O facto político é, pois, a política de saúde do ministério, e não a plataforma em questão, como é sugerido num comunicado do SIM referido na última edição do TM. O desacordo expresso naquele comunicado traduz tão somente um problema interno daquele sindicato, a ser resolvido pelos sócios. A plataforma Saúde 2007 vai continuar, estando já agendada outra reunião para dia 18.

8.1.07

Plataforma de entendimento SAÚDE 2007

No passado dia 5, por iniciativa da nossa Associação, reuniram-se informalmente elementos representativos da APMCH, dos dois Sindicatos Médicos (SIM e Sindicato dos Médicos da Zona Centro) e o Presidente da Secção Regional do Centro da Ordem dos Médicos, com o fim de trocarem impressões, de analisarem o estado da saúde no nosso país, no início de 2007, e o futuro com que ela se depara, face ao realizado pelo ministério no ano passado e às recentes declarações do Ministro da Saúde.
Houve uma comunhão de opiniões, de entendimentos do que a saúde devia ser e não está a ser, um acordo em que a política de saúde do ministério, confusa e desgarrada como tem sido, para além de não deixar entrever qualquer novo modelo definido criou condições para a destruição das carreiras médicas e do próprio SNS, enquanto sistema de saúde dum Estado Social como o nosso constitucionalmente é.
Os maus resultados dessa política começaram a surgir, pontualmente, e o Ministro tem demonstrado uma atitude de “sacudir a água do capote”, começando a atribuir as culpas aos médicos.
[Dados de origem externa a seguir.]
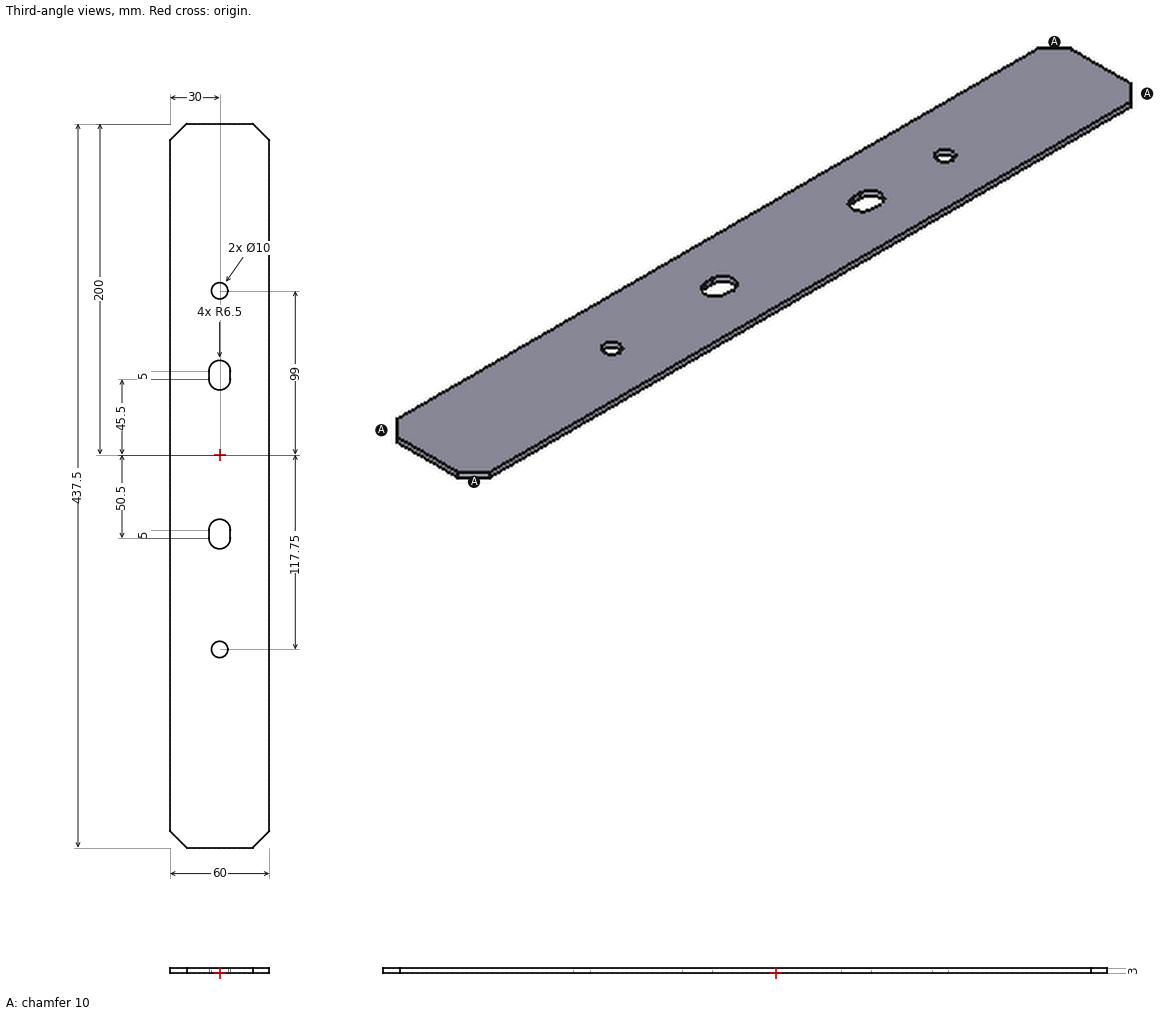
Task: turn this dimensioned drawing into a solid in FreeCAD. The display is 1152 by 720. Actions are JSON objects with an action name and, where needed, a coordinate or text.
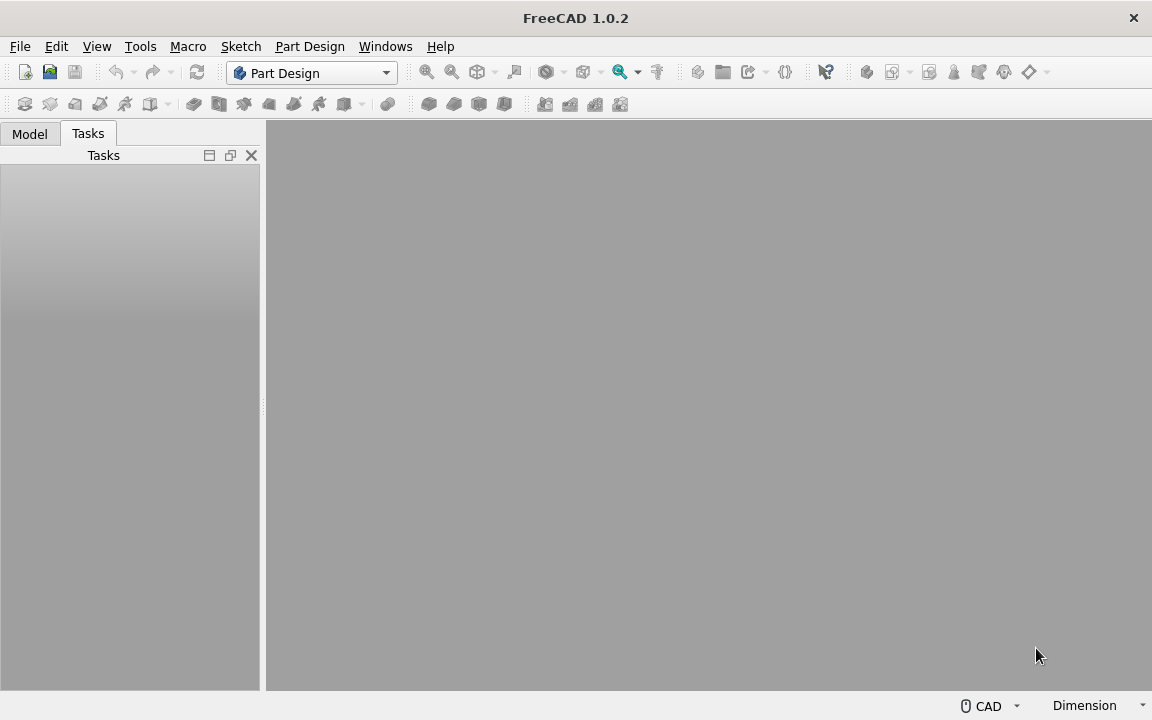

E isso nós não podemos admitir. Como também não podemos continuar a não dizer nada, face às repercussões negativas a curto, médio e longo prazo das medidas que vão sendo levadas a cabo, sob pena de um dia a população nos vir a acusar de coniventes. Se a responsabilidade política vai toda para o Ministro, para o Primeiro Ministro e para o Governo, a verdade é que a política de saúde tem repercussões negativas na própria saúde das populações, e por isso os técnicos não deverão ficar calados. Os médicos não ficarão com certeza.
No próximo dia 18 está agendado novo encontro, de âmbito eventualmente mais amplo.